Data Engineering for Fraud Prevention - Angela Ramirez
Oct 6, 2023
auto_awesome
Angela Ramirez, a data engineer with experience in fraud prevention, talks about her career journey, the usefulness of knowing ML as a data engineer, best practices for system design and data engineering, working with different types of databases including document and network-based databases, and selecting the appropriate database type to work with. She also discusses the importance of software engineering knowledge in data engineering, data quality check tooling, debugging failed jobs, and working with external data sources.
Working with external data sources requires establishing data contracts, understanding data reliability, and considering batch versus real-time data.
Dealing with failed jobs and debugging requires identifying root causes, relying on experience, documentation, and runbooks.
Recommended resources for learning data engineering include books on data engineering principles, designing data-intensive applications, and PySpark SQL.
Deep dives
Challenges of Working with External Data Sources
Working with external data sources can present challenges in terms of identifying the right teams to work with, obtaining proper documentation, and ensuring the data remains consistent and accessible. Data engineers must establish data contracts and understand the frequency and reliability of the data received. Additionally, considerations such as batch versus real-time data and potential changes to the data source must be taken into account.
Handling Failed Jobs and Debugging
One of the most challenging tasks as a data engineer is dealing with failed jobs and debugging issues. It requires identifying the root cause of the failure, whether it's a bug in the code, schema changes, database issues, or problematic data. Experience and familiarity with common errors and solutions can help in troubleshooting these issues. Documentation and runbooks can also aid in resolving future failures efficiently.
Recommended Resources for Learning
For those interested in learning more about data engineering, recommended resources include overview books on data engineering principles and designing data-intensive applications. O'Reilly books, such as 'Data Engineering' and 'Designing Data-Intensive Applications,' are excellent options. Additionally, resources specific to PySpark SQL can be valuable for interview preparation.

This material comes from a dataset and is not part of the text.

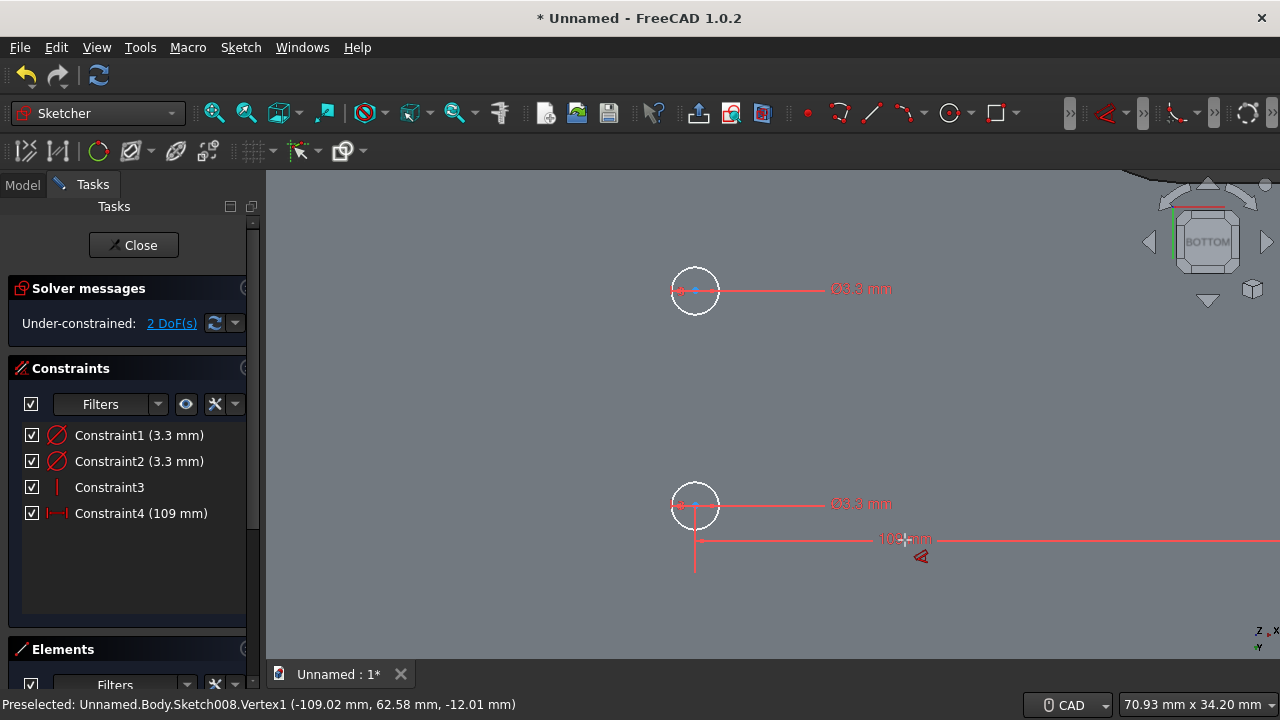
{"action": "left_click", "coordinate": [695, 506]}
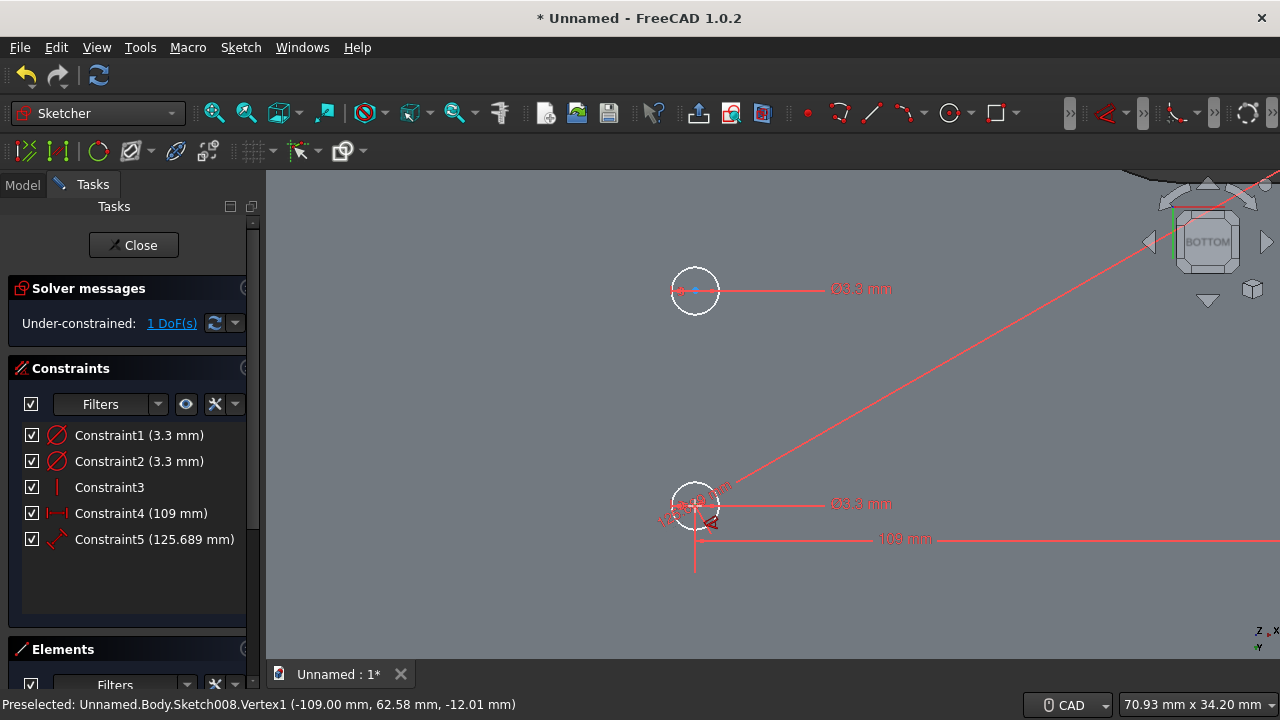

Working with Different Databases and Tools
Data engineers frequently work with various databases and tools, depending on their specific use cases. Some commonly used tools and technologies include GCP services such as Cloud DataProc, Cassandra for structured data, PySpark for large-scale data processing, and Pandas with the recent pyarrow implementation change for improved performance. Each tool has its unique strengths and use cases based on factors like scalability, fault tolerance, and data structure.
Choosing the Right Database for Use Cases
Selecting the appropriate database for a particular use case depends on the nature of the data and the desired analysis. Relational databases like Cassandra are effective for structured and relational data, while document-based databases such as MongoDB or document capabilities in Elasticsearch are preferable for dynamic data. Key-value stores like Redis or network databases like Neo4j may be suitable for specific graph-related use cases. The schema, scalability, and performance requirements should guide the decision-making process.